Chloroplasts are organelles found in plant cells and other eukaryotic organisms that conduct photosynthesis with the help of the molecule chlorophyll stored inside the chloroplasts.
Chloroplasts are small organelles inside the cells of plants and algae. They absorb light to make sugar in a process called photosynthesis. The sugar can be stored in the form of starch. Chloroplasts contain the molecule chlorophyll, which absorbs sunlight for photosynthesis. In addition to chlorophyll, a chloroplast uses carbon dioxide (CO2) and water (H2O) to form sugar, and gives off oxygen (O2). Chlorophyll is what gives green plants their green colour. Chloroplasts also contain various yellow and orange pigments to assist in photon capture for photosynthesis.

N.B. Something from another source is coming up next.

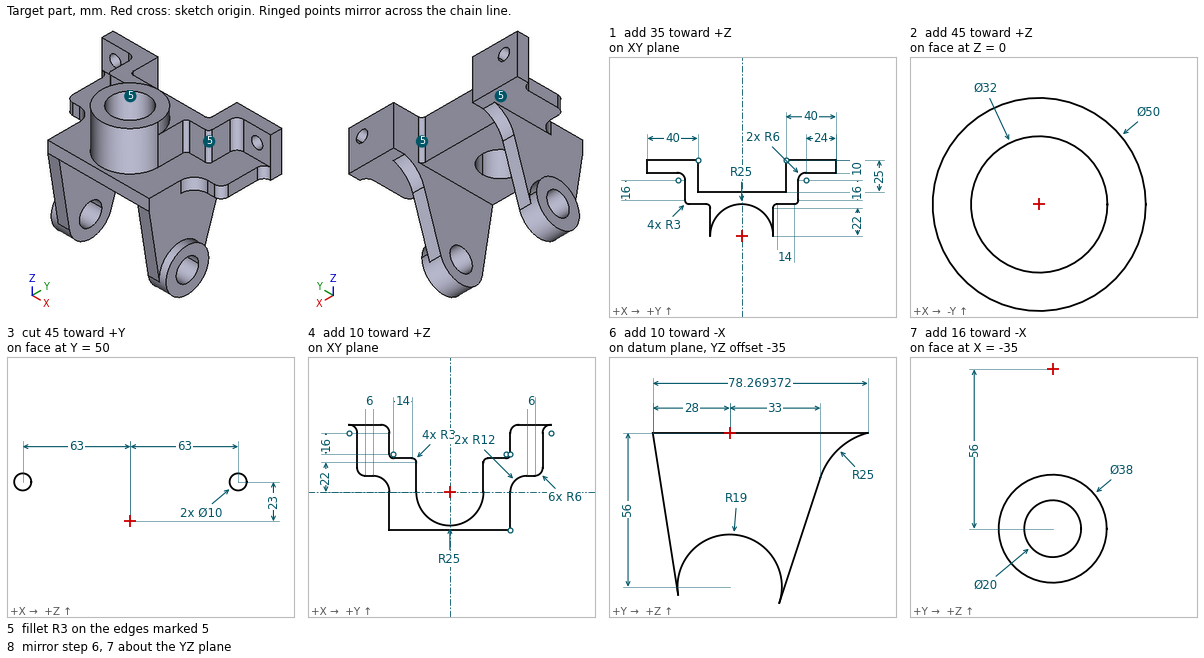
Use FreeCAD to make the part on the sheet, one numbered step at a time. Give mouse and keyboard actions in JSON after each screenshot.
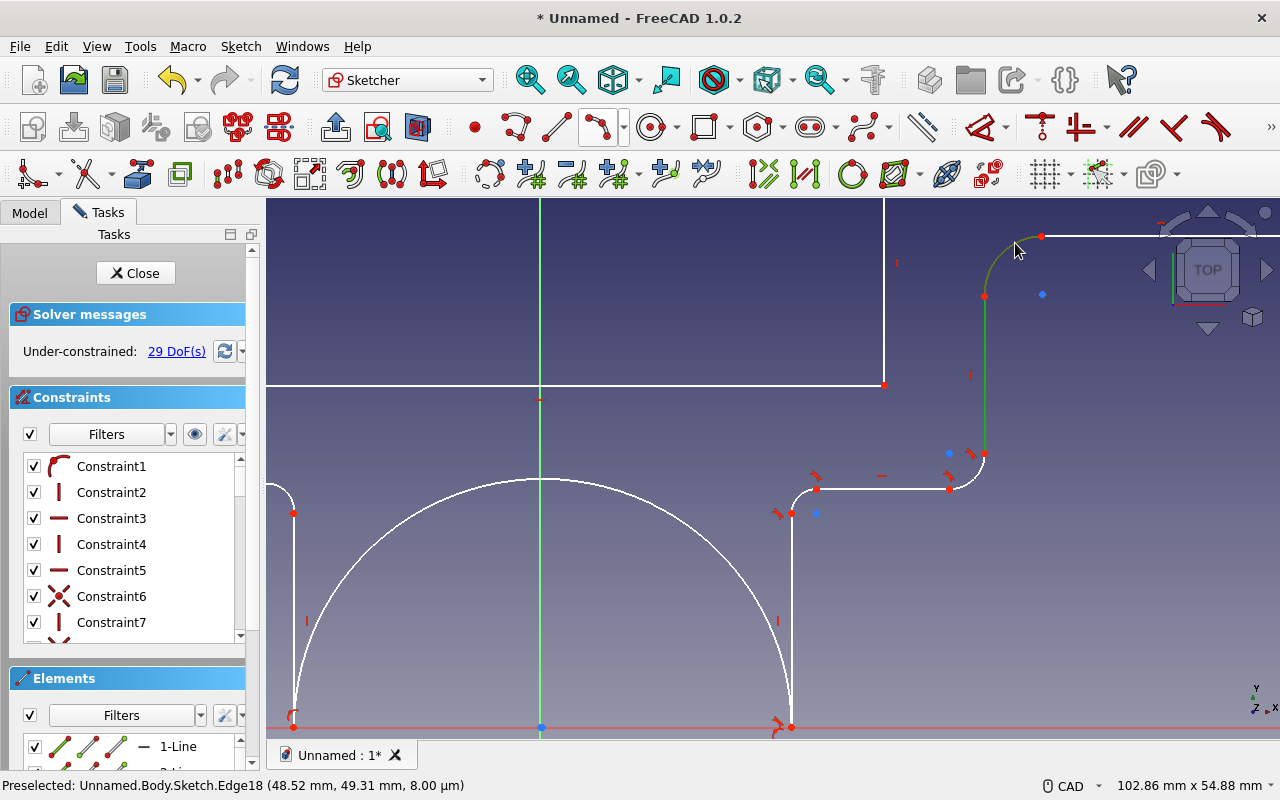
{"action": "left_click", "coordinate": [1216, 128]}

Structure: Each choloroplast is surrounded by a double walled semi-permeable membrane. In the layered stacks are flat disk-shaped thylakoids. They contain light-absorbing pigments, including chlorophyll and carotenoids, as well as proteins which bind the pigments. Like mitochondria, chloroplasts also contain their own DNA and ribosomes.
Evolution: Chloroplasts are one of the many different types of organelles in the cell. They are thought to have originated as endosymbiotic cyanobacteria. This was first suggested by Mereschkowsky in 1905 after an observation by Schimper in 1883 that chloroplasts closely resemble cyanobacteria. Almost all chloroplasts are thought to derive directly or indirectly from a single endosymbiotic event.

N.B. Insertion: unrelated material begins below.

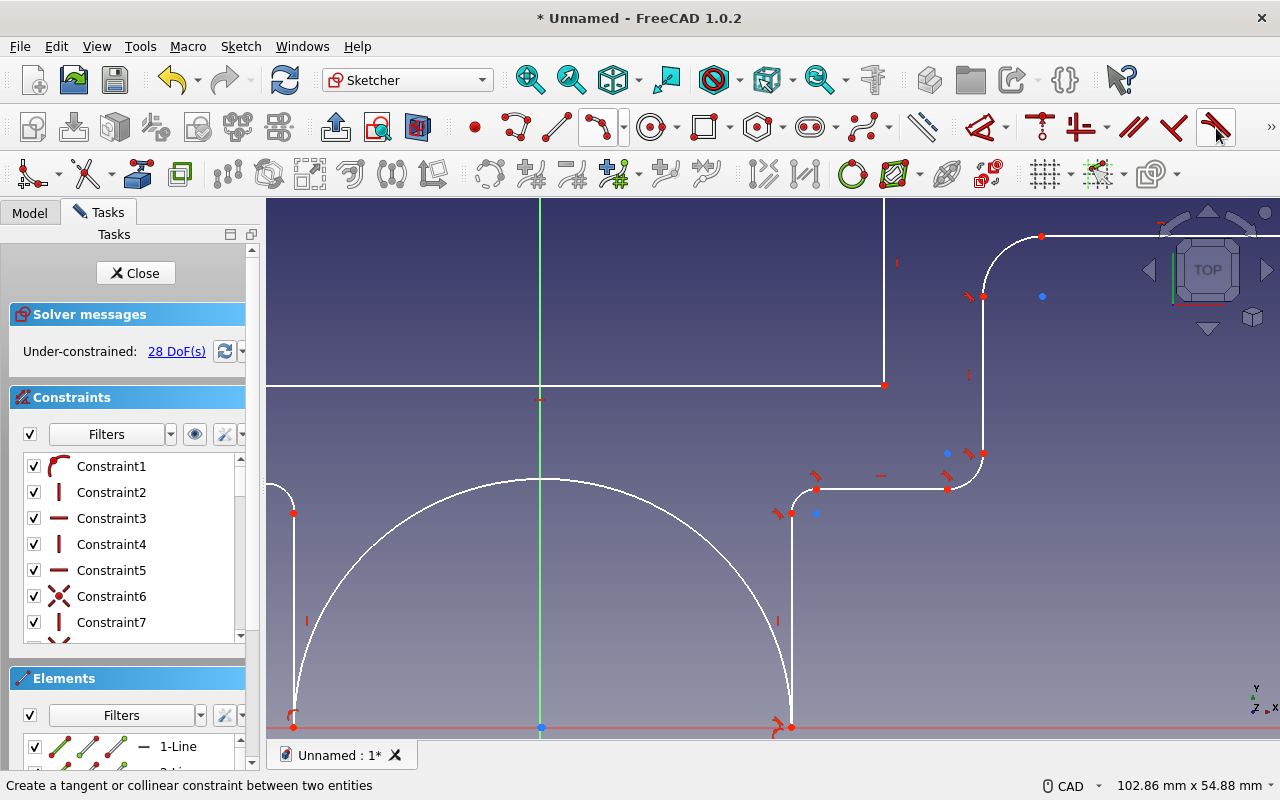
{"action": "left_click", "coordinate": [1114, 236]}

Mitochondria also had a similar origin, but chloroplasts are found only in plants and protista. In green plants, chloroplasts are surrounded by two lipid-bilayer membranes. They are thought to correspond to the outer and inner membranes of the ancestral cyanobacterium. Chloroplasts have their own genome, which is much smaller than that of free-living cyanobacteria. The DNA which remains shows clear similarities with the cyanobacterial genome. Plastids may contain 60–100 genes whereas cyanobacteria often contain more than 1500 genes. Many of the missing genes are encoded in the nuclear genome of the host.
In some algae (such as the heterokonts), chloroplasts seem to have evolved through a secondary event of endosymbiosis, in which a eukaryotic cell engulfed a second eukaryotic cell containing chloroplasts, forming chloroplasts with three or four membrane layers. In some cases, such secondary endosymbionts may have themselves been engulfed by still other eukaryotes, thus forming tertiary endosymbionts. In the alga Chlorella, there is only one chloroplast, which is bell-shaped.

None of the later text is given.